The ISTORE project is researching techniques for eliminating the hassles of administering and maintaining large and evolving systems running data- and storage-intensive applications. To accomplish this goal, the project is targeting improvements in system availability, in the ability of systems to maintain themselves, and in the ability of systems to gracefully handle growth and evolution of their hardware and software components.

Research in the ISTORE group revolves around three efforts. The first is to develop a deeper understanding of the key metrics of availability, maintainability, and capacity for evolutionary growth. This is being accomplished by identifying measurable quantities that capture these metrics, as well as by developing a set of benchmarking techniques that are able to extract those quantities from real systems. Building on the fundamental technique of system perturbation via fault injection, we have had good success in the area of availability, and are generating promising initial results in the area of maintainability; we are currently working to refine and expand that initial work.
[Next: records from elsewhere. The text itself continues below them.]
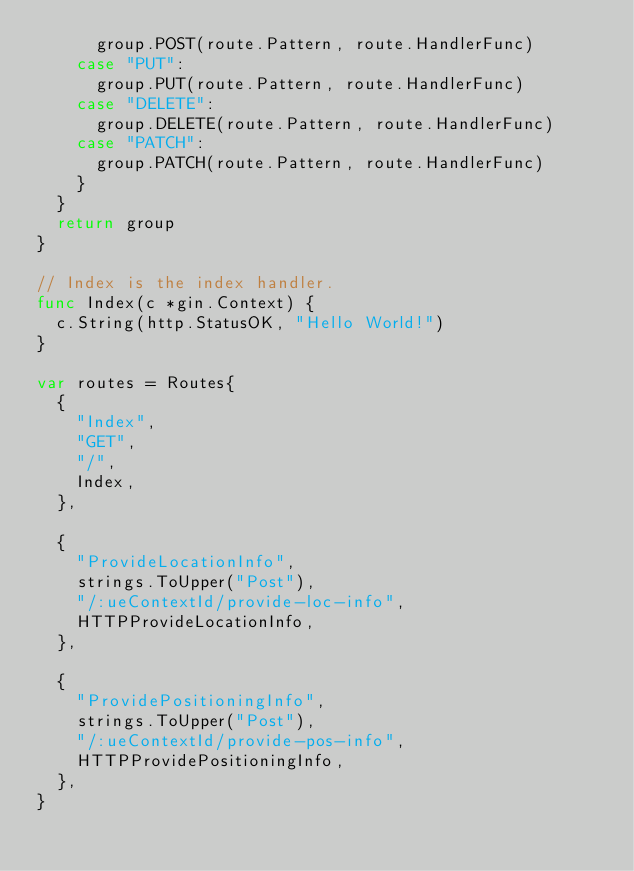<code> <loc_0><loc_0><loc_500><loc_500><_Go_>			group.POST(route.Pattern, route.HandlerFunc)
		case "PUT":
			group.PUT(route.Pattern, route.HandlerFunc)
		case "DELETE":
			group.DELETE(route.Pattern, route.HandlerFunc)
		case "PATCH":
			group.PATCH(route.Pattern, route.HandlerFunc)
		}
	}
	return group
}

// Index is the index handler.
func Index(c *gin.Context) {
	c.String(http.StatusOK, "Hello World!")
}

var routes = Routes{
	{
		"Index",
		"GET",
		"/",
		Index,
	},

	{
		"ProvideLocationInfo",
		strings.ToUpper("Post"),
		"/:ueContextId/provide-loc-info",
		HTTPProvideLocationInfo,
	},

	{
		"ProvidePositioningInfo",
		strings.ToUpper("Post"),
		"/:ueContextId/provide-pos-info",
		HTTPProvidePositioningInfo,
	},
}
</code>

The second major effort of the ISTORE project is to identify techniques that can be used to improve availability, maintainability, and capacity for evolution, and to incorporate those techniques into design patterns and APIs for the construction of new systems. To this end, we are investigating a set of techniques that allow a system to both proactively and reactively adapt to failures and changes in its environment. On the proactive side, we are extending the usual techniques of state scrubbing with more invasive techniques of on-line fault injection and system perturbation. Our hypothesis is that these techniques can expose information about weaknesses and vulnerabilities in hardware and software structure that might otherwise not be visible. On the reactive side, we are investigating introspective techniques and software construction models that will enable services to monitor themselves and adjust their own behavior to run optimally despite changes and disruptions in their environment.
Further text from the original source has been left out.